Different processing options have led to groundbreaking ways of producing tubing. When customers partner with medical device component manufacturers that utilize the latest capabilities and technologies, they can create solutions that optimize the performance and usability of medical devices.

High-precision microextrusion and thin-walled tubing. Microextrusion processing performing below the submillimeter (0.1 mm) range employs modified equipment featuring innovations in extrusion head, tool, and screw designs. Microextruded, thin-walled tubing can be manufactured down to 0.05 mm/0.002 in. and with outside and inside diameters down to 0.25 mm/0.004 in., potentially for use in minimally invasive surgical (MIS) procedures.

Multicomponent extrusion. Multiple materials can be simultaneously extruded within the same tube to account for differing properties and media interactions. The most common example of this capability is the inclusion of a radiopaque stripe, which typically incorporates a barium sulfate-loaded silicone as the stripe used to locate the device in an x-ray or fluoroscope, but this inclusion can also be used to vary hardness of specific contact surfaces or to facilitate downstream assembly through color coding of lumen.

Extruded ribbon and film. Silicone tape, sheet, and ribbon can be extruded up to 152 mm/6 in. in width with a thickness down to 0.13 mm/0.005 in. Such ribbon can be supplied in spools with carriers and slip sheets or as punched seals or diaphragms to support sealing applications in devices such as pacemaker generator housings.

Reinforced and kink-resistant tubing.
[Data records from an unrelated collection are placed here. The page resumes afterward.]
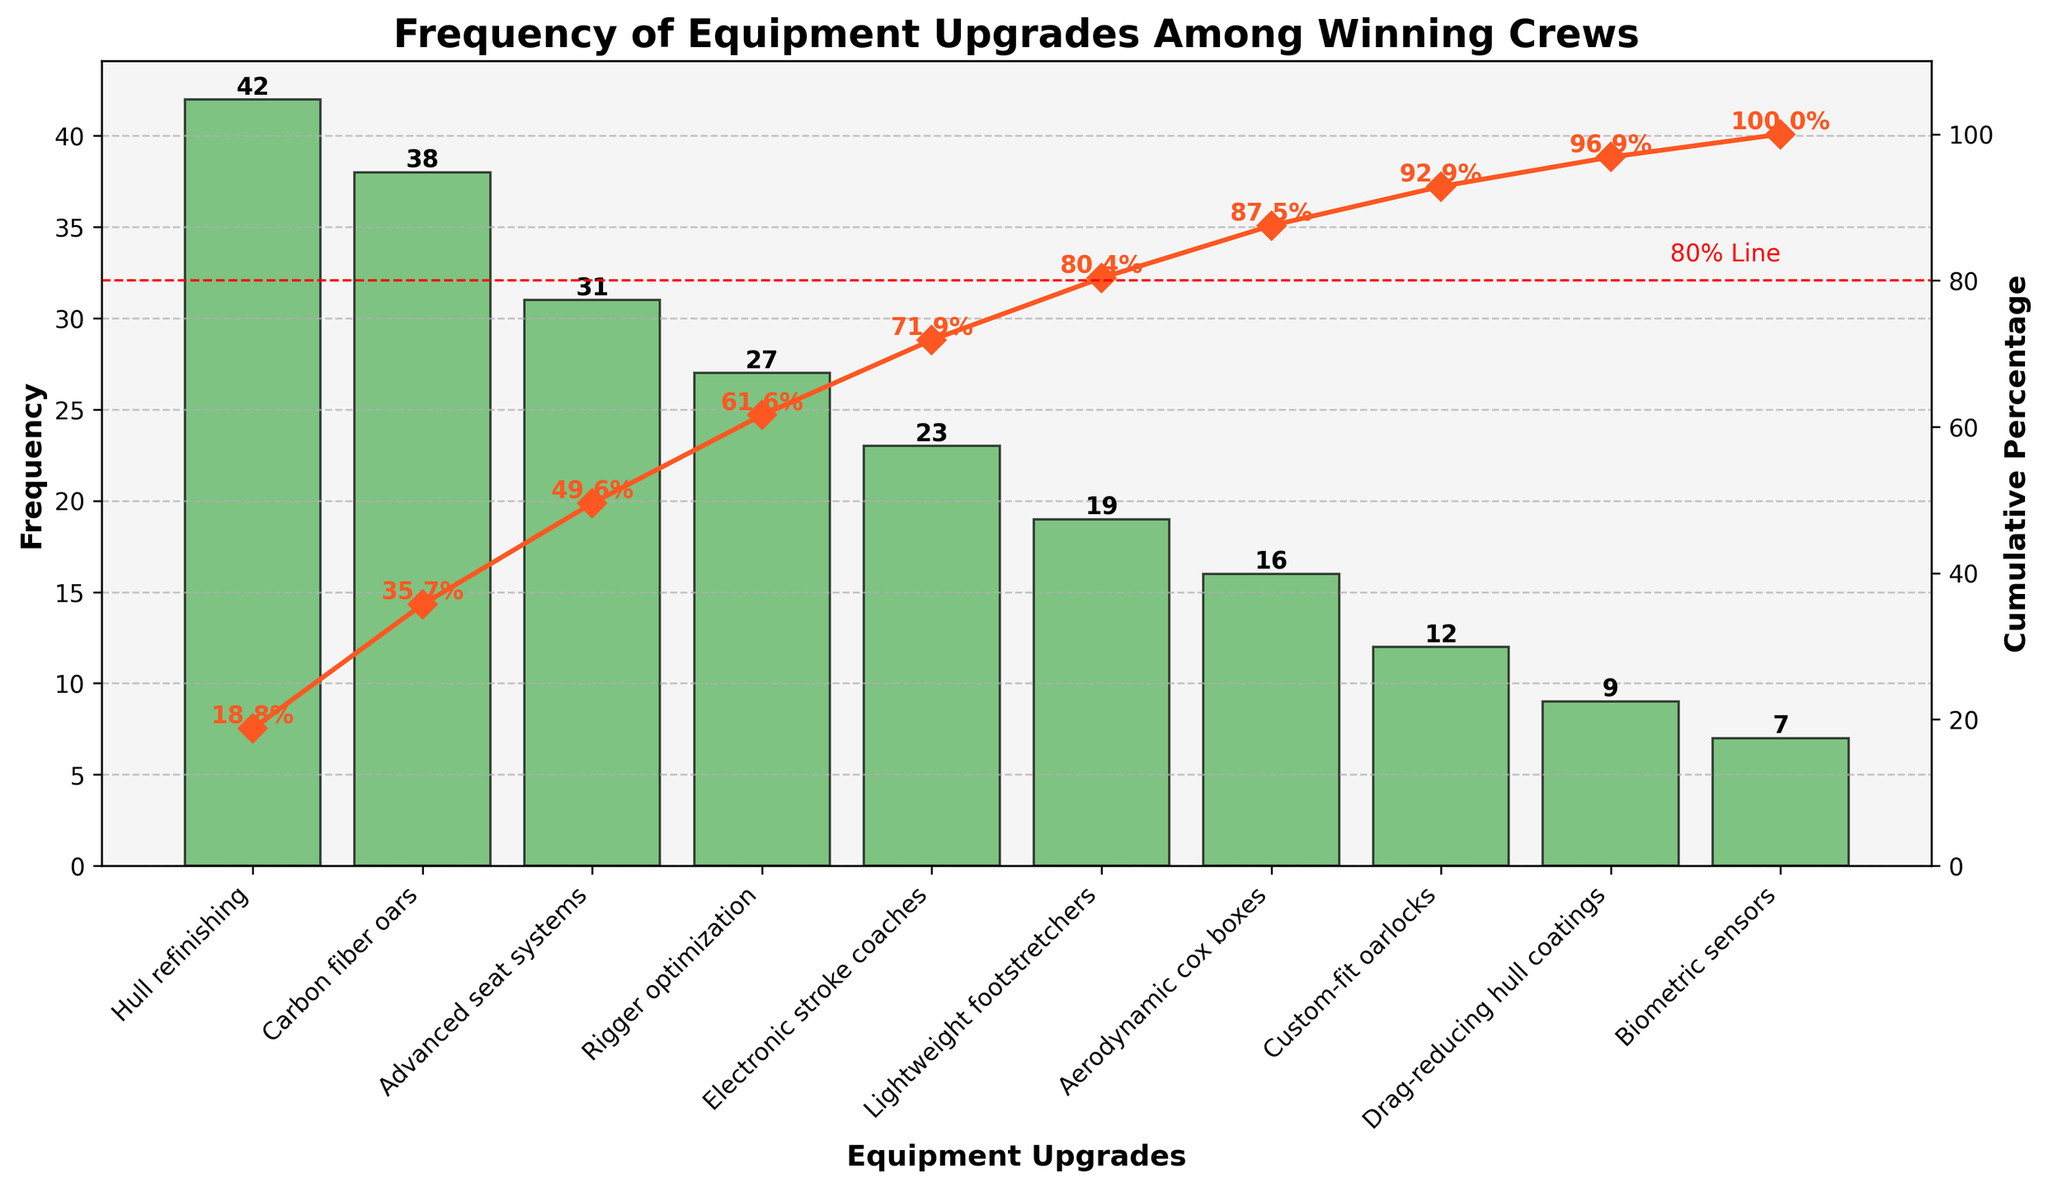What is the most common equipment upgrade among winning crews? According to the plot, Hull refinishing is the highest bar with a frequency of 42.
Answer: Hull refinishing How many total equipment upgrades are represented in the chart? There are 10 different bars representing 10 equipment upgrades.
Answer: 10 Which equipment upgrade has the lowest frequency? The shortest bar on the plot represents Biometric sensors with a frequency of 7.
Answer: Biometric sensors What is the cumulative percentage after the third most frequent equipment upgrade? The cumulative percentage after the third most frequent (Advanced seat systems) can be referenced from the line plot which is approximately 74.7%.
Answer: 74.7% By how much does the frequency of Carbon fiber oars exceed that of Electronic stroke coaches? Carbon fiber oars have a frequency of 38 and Electronic stroke coaches have a frequency of 23. So, the difference is 38 - 23 = 15.
Answer: 15 Which equipment upgrades contribute to the cumulative percentage just above 80%? By looking at the cumulative percentage line plot and the red 80% line, Advanced seat systems reach above 80%, including Hull refinishing, Carbon fiber oars, Advanced seat systems, and Rigger optimization.
Answer: Hull refinishing, Carbon fiber oars, Advanced seat systems, and Rigger optimization What is the combined frequency of the three least common equipment upgrades? The least common are Biometric sensors (7), Drag-reducing hull coatings (9), and Custom-fit oarlocks (12). Combined frequency = 7 + 9 + 12 = 28.
Answer: 28 Which equipment upgrade just surpasses the 50% cumulative percentage mark? Checking the cumulative percentage plot, the upgrade that surpasses 50% is Carbon fiber oars.
Answer: Carbon fiber oars What is the frequency difference between Rigger optimization and Lightweight footstretchers? Rigger optimization has a frequency of 27, and Lightweight footstretchers have a frequency of 19. The difference is 27 - 19 = 8.
Answer: 8 How many equipment upgrades have frequencies in double digits but less than 20? Equipment upgrades between 10 and 19 frequencies are Custom-fit oarlocks (12) and Lightweight footstretchers (19).
Answer: 2

Silicone tubes can be reinforced in a variety of ways, from polyester and stainless-steel braids for expansion-, elongation-, and burst-resistance to spiral reinforcement with nylon monofilament for kink- and crush-resistance to keep fluid paths open. Reinforcement is customizable, and tubes can be made to specific precision tolerances.

Silicone tubing reinforced with polyester braid can also be used to resist abrasion under cyclic loading, such as in pacing leads. The outer covers can be pigmented if required. Care must be taken to verify that the mechanical properties of reinforcing materials are not compromised by the heat required to cure the silicone.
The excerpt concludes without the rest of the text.